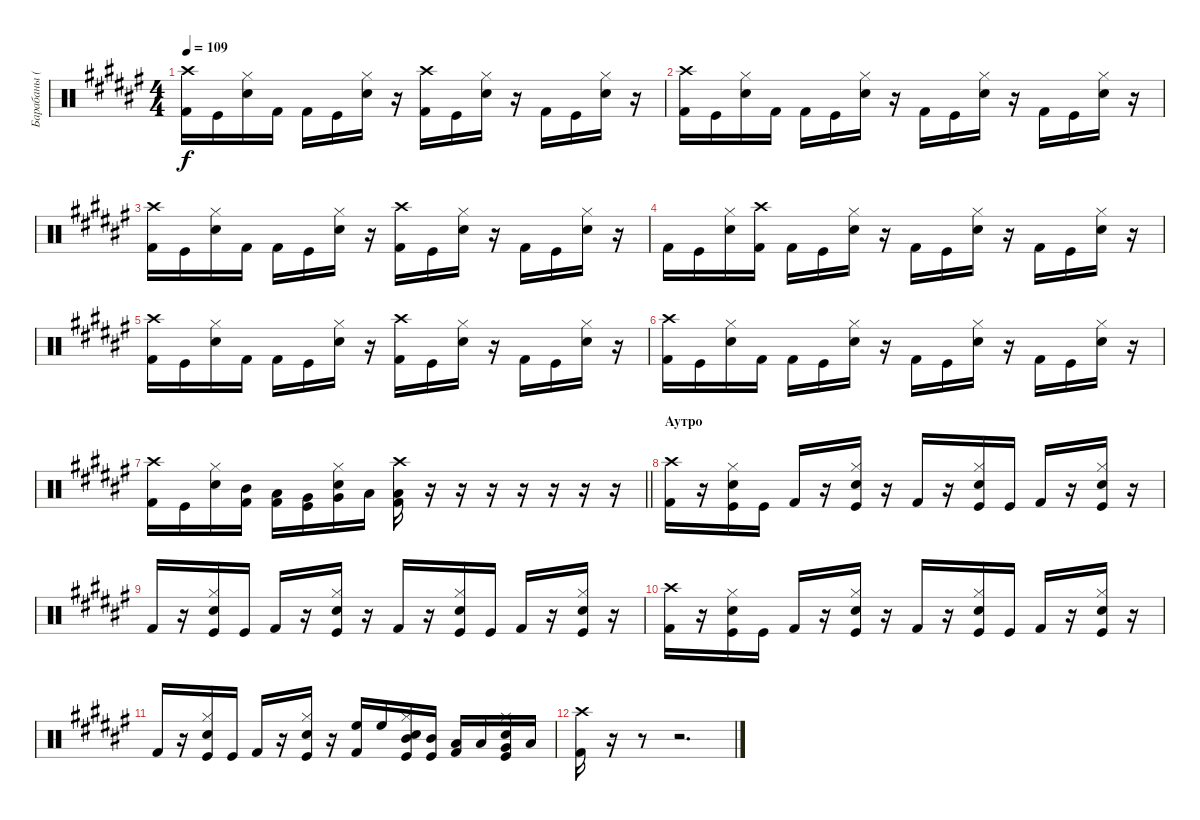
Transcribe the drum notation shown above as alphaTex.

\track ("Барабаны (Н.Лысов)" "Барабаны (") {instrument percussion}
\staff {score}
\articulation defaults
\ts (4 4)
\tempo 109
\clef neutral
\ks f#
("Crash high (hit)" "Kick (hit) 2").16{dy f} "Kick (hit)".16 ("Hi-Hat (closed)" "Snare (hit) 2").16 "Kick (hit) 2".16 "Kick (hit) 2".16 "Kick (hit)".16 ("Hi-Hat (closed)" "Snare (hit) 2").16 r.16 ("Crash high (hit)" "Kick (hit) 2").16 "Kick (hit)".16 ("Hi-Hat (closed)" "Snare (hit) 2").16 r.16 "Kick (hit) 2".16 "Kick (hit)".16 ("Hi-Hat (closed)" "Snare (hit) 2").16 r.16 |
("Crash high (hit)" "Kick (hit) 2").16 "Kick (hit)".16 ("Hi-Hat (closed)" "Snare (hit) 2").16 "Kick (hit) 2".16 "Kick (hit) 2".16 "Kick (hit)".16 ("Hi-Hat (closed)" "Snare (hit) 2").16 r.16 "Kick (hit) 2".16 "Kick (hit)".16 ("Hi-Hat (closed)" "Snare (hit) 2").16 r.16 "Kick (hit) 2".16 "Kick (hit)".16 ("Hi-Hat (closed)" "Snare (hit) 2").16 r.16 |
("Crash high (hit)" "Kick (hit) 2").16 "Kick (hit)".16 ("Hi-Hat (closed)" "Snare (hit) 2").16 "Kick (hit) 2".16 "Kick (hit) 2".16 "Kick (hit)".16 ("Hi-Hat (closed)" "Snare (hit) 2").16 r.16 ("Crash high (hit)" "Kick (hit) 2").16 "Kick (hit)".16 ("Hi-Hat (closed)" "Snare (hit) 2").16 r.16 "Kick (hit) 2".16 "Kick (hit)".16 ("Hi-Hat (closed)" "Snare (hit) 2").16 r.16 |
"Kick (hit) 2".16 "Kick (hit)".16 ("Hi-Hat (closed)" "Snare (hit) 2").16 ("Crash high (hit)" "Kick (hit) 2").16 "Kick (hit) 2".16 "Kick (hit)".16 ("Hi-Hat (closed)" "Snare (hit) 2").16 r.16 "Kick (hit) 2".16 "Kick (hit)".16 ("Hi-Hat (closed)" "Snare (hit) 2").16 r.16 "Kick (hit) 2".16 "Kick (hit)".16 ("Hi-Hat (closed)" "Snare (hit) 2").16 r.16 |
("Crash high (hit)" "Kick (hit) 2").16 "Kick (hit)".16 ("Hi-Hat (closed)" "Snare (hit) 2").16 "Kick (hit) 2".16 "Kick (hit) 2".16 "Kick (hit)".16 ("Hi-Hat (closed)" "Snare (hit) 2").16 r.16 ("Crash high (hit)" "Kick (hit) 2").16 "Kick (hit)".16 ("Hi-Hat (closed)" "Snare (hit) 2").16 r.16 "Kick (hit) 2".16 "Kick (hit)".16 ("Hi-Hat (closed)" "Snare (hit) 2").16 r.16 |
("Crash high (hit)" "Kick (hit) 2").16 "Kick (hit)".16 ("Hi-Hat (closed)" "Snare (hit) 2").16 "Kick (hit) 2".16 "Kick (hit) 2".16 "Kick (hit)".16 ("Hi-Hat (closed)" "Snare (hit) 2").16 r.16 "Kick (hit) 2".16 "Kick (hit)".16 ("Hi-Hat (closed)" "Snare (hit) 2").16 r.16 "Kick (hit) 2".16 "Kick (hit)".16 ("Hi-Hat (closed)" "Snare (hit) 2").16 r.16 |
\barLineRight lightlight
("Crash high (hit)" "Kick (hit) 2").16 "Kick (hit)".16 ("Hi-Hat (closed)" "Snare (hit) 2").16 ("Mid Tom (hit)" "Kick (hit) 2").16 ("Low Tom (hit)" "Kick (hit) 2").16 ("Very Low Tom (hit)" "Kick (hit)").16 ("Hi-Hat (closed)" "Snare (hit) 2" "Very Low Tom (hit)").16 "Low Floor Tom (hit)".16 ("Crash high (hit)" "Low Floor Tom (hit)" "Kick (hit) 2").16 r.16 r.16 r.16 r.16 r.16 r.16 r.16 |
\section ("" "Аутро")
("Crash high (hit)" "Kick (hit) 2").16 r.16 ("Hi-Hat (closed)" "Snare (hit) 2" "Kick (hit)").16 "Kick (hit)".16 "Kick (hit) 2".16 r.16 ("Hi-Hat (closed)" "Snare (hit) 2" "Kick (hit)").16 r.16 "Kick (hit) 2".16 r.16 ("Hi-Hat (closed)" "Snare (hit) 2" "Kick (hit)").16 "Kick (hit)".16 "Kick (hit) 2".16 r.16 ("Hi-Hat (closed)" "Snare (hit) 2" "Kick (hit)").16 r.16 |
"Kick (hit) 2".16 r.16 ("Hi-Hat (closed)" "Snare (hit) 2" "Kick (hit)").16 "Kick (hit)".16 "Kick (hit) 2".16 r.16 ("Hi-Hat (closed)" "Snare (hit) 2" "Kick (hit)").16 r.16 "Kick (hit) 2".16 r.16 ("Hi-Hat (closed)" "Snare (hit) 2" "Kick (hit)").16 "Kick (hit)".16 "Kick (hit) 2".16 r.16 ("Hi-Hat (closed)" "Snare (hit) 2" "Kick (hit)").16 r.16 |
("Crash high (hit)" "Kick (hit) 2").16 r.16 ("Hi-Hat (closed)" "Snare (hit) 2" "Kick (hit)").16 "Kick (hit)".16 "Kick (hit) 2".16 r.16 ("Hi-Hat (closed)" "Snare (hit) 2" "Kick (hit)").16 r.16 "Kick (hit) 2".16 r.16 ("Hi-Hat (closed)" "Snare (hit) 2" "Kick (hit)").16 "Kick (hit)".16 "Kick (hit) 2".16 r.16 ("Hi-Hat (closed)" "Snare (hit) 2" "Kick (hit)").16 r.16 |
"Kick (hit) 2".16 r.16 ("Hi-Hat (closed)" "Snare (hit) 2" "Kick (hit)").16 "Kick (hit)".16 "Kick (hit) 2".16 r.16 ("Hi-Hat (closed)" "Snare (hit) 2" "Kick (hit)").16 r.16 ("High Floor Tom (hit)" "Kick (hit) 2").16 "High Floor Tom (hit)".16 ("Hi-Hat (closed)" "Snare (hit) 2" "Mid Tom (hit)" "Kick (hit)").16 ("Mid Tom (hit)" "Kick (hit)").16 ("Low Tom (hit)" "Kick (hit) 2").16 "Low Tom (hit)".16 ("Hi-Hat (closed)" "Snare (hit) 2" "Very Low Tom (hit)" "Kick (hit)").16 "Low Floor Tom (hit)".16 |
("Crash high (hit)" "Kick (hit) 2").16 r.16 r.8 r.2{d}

------

> _Required work_
Establish how many lines of the entries hold the word "Floor", giving nothing but the number.

> _Solution to the exercise_
2